DNA from 33,747 dogs was genotyped at SOD1:c.118, SOD1:c.52, or both. Spinal cord sections from 249 of these dogs were examined.
Retrospective analysis of 35,359 previously determined genotypes at SOD1:c.118G>A or SOD1:c.52A>T and prospective survey to update the clinical status of a subset of dogs from which samples were obtained with a relatively low ascertainment bias.

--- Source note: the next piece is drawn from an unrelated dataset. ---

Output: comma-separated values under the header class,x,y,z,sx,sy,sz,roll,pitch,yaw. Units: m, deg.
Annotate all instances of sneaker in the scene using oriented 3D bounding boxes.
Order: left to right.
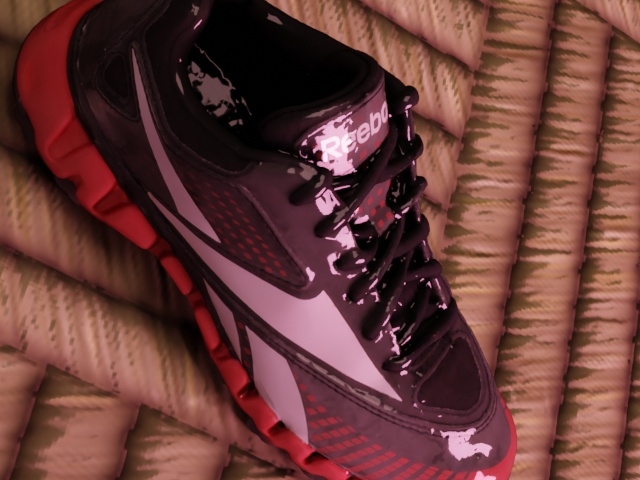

The SOD1:c.118A allele was found in cross-bred dogs and in 124 different canine breeds whereas the SOD1:c.52T allele was only found in Bernese Mountain Dogs. Most of the dogs with histopathologically confirmed degenerative myelopathy were SOD1:c.118A homozygotes, but 8 dogs with histopathologically confirmed degenerative myelopathy were SOD1:c.118A/G heterozygotes and had no other sequence variants in their SOD1 amino acid coding regions. The updated clinical conditions of dogs from which samples were obtained with a relatively low ascertainment bias suggest that SOD1:c.118A homozygotes are at a much higher risk of developing degenerative myelopathy than are SOD1:c.118A/G heterozygotes.
Conclusions and Clinical Importance
We conclude that the SOD1:c.118A allele is widespread and common among privately owned dogs whereas the SOD1:c.52T allele is rare and appears to be limited to Bernese Mountain Dogs. We also conclude that breeding to avoid the production of SOD1:c.118A homozygotes is a rational strategy.